A proposta do PLANEJAMENTO PARTICIPATIVO, originalmente propõe a consulta popular, objetivando planos que possam dotar o processo de planejamento de elementos que contrabalancem o tecnocratismo, estratégia para que se evite que as populações mais carentes sofram processos de intervenção que desrespeitem as suas condições culturais de sociabilidade e acessibilidade. A ideia é produzir algo capaz de influenciar decisivamente os destinos das cidades.

Caso a Caso

Tendo em vistas que os debates produzidos pelo PLANO DIRETOR, são de fundamental importância, se faz necessário partirmos de um quadro de referências que coloque a cidade de São Francisco do Sul como palco e objeto de conflito no centro do “diagnostico” dos problemas e da formulação das diretrizes do desenvolvimento urbano. Agravam-se os processos de exclusão e segregação entre diferentes camadas sociais no espaço urbano, existe um setor voltado para a exploração de determinados serviços de interesse público, sob forma de concessão do Estado.

Os Interessados

O espaço da nossa cidade também é objeto de disputa entre grupos sociais já que o acesso DIFERENCIADO a determinados BENS, serviços, equipamentos ou amenidades permite o aumento da renda real via valorização do patrimônio imobiliário, assim como maior conforto material e também a reprodução material simbólica de situações de distinção social. Isso gera a identificação de determinados espaços do município com certos grupos sociais dominantes, e a exclusão de outras parcelas da população do acesso a estes bens.

Concluindo

Tendo em vista a concepção dos processos de estruturação de uma “CIDADE CAPITALISTA” - o Poder Público, (Executivo, Legislativo e Judiciário), mais a Sociedade Francisquense, juntas, tem o poder de estabelecer condições e objetivos que poderão nortear a elaboração do “PLANO DIRETOR POLETIZADO” (cinco anos sob avaliação do legislativo municipal).
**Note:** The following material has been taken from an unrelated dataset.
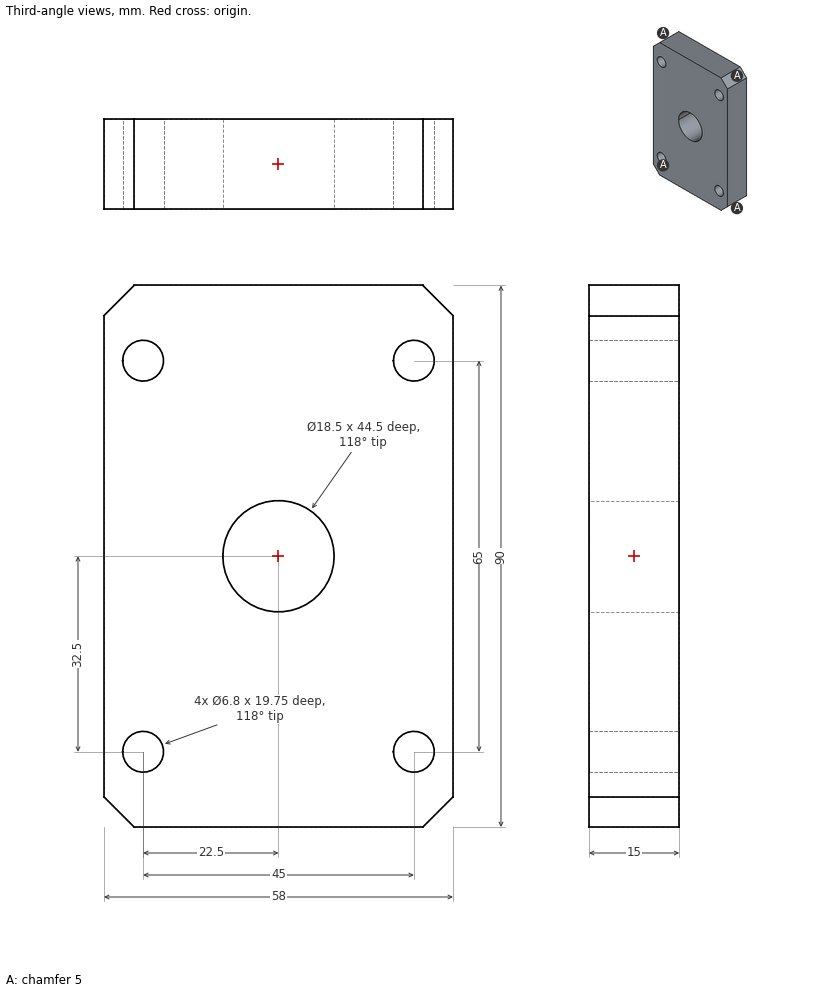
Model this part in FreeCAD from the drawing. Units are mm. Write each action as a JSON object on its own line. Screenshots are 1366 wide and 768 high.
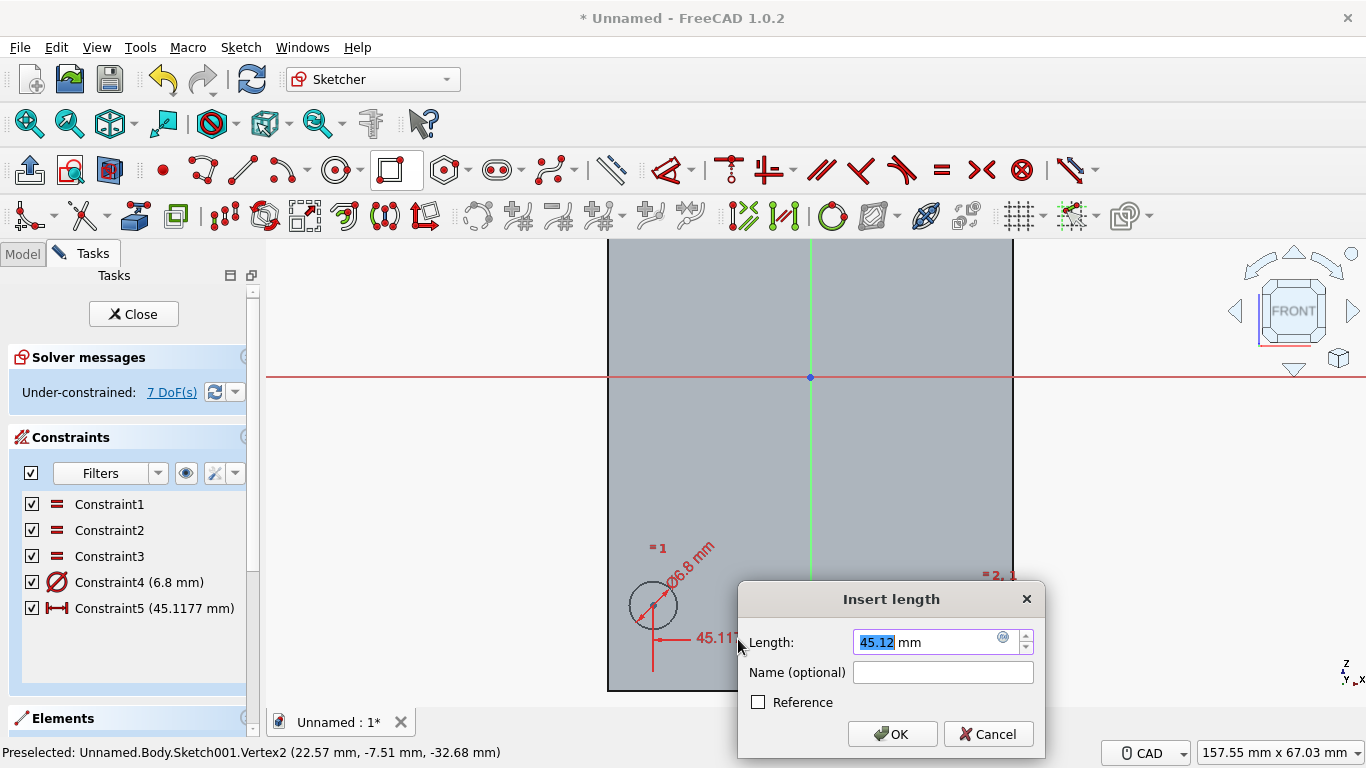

Evidentemente que estamos longe de chegar a um denominador comum, no entanto se faz necessário uma ação global que facilite a desenrolar da REVISÃO DO PLANO DIRETOR de São Francisco do Sul. Precisa-se usar instrumentos que estejam previstos na constituição, bem como amenizar os conhecidos efeitos perversos de clientelismo. Neste sentido nossas autoridades deveriam assumir claramente o compromisso com a materialização de Planos e Projetos voltados para a Proteção Ambiental, Crescimento Sustentável e na Redução das Desigualdades Sociais da nossa Bela “São Chico”. Ao finalizar, lembramos que; “Nenhum plano de uso de solo pode ser estabelecido de forma consequente, sem que esteja evidentemente vinculado a uma política urbana”.